- **REQUIRED ACTION**
Go through the entries below and copy every line that holds the word "lowest".

Dataset entries

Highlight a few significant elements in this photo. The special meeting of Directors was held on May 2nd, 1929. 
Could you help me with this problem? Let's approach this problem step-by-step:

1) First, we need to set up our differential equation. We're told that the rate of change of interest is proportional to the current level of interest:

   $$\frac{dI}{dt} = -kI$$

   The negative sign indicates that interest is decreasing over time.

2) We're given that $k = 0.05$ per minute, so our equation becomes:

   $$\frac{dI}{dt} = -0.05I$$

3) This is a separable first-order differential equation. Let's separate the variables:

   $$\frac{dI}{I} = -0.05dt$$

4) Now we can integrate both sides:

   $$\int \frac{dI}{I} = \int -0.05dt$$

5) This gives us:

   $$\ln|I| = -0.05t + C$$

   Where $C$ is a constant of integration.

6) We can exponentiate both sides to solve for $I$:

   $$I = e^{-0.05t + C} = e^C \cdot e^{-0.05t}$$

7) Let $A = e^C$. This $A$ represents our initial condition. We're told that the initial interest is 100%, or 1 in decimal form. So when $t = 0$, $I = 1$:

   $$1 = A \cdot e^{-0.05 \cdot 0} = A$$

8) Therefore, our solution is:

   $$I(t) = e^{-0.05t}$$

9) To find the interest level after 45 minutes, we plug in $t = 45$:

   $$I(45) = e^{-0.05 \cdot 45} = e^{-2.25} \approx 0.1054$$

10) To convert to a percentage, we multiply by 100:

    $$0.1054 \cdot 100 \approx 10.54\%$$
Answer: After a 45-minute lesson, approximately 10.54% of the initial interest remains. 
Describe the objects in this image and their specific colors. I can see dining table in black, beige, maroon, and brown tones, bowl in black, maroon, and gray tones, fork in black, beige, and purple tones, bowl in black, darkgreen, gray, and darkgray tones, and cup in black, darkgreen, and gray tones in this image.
* * *
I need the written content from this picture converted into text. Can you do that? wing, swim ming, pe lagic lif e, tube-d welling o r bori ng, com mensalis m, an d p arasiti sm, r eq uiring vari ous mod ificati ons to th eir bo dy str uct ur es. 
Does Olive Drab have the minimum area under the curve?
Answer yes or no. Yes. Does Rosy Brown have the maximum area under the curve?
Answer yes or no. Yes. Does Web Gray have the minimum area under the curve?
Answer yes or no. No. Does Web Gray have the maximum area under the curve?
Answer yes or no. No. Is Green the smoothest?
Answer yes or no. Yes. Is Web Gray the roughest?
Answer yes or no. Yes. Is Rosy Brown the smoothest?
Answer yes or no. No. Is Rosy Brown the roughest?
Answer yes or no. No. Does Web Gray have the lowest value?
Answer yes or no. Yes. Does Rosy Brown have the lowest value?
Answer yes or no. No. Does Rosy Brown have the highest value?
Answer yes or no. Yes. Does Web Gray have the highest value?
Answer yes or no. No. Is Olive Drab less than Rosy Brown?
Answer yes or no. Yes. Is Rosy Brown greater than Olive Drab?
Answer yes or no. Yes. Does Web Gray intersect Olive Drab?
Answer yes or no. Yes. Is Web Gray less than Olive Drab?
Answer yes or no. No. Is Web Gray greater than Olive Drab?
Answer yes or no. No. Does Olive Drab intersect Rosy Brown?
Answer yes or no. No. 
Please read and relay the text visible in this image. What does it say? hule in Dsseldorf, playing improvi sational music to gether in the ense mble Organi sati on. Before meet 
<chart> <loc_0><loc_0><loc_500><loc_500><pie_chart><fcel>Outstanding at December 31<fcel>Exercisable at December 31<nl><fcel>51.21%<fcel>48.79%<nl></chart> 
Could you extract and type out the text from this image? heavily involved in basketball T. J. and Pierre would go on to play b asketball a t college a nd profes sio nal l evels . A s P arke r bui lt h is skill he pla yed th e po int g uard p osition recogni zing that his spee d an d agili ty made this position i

- **ANSWER FOR THIS EXERCISE**
Answer yes or no. No. Does Web Gray have the lowest value?
Answer yes or no. Yes. Does Rosy Brown have the lowest value?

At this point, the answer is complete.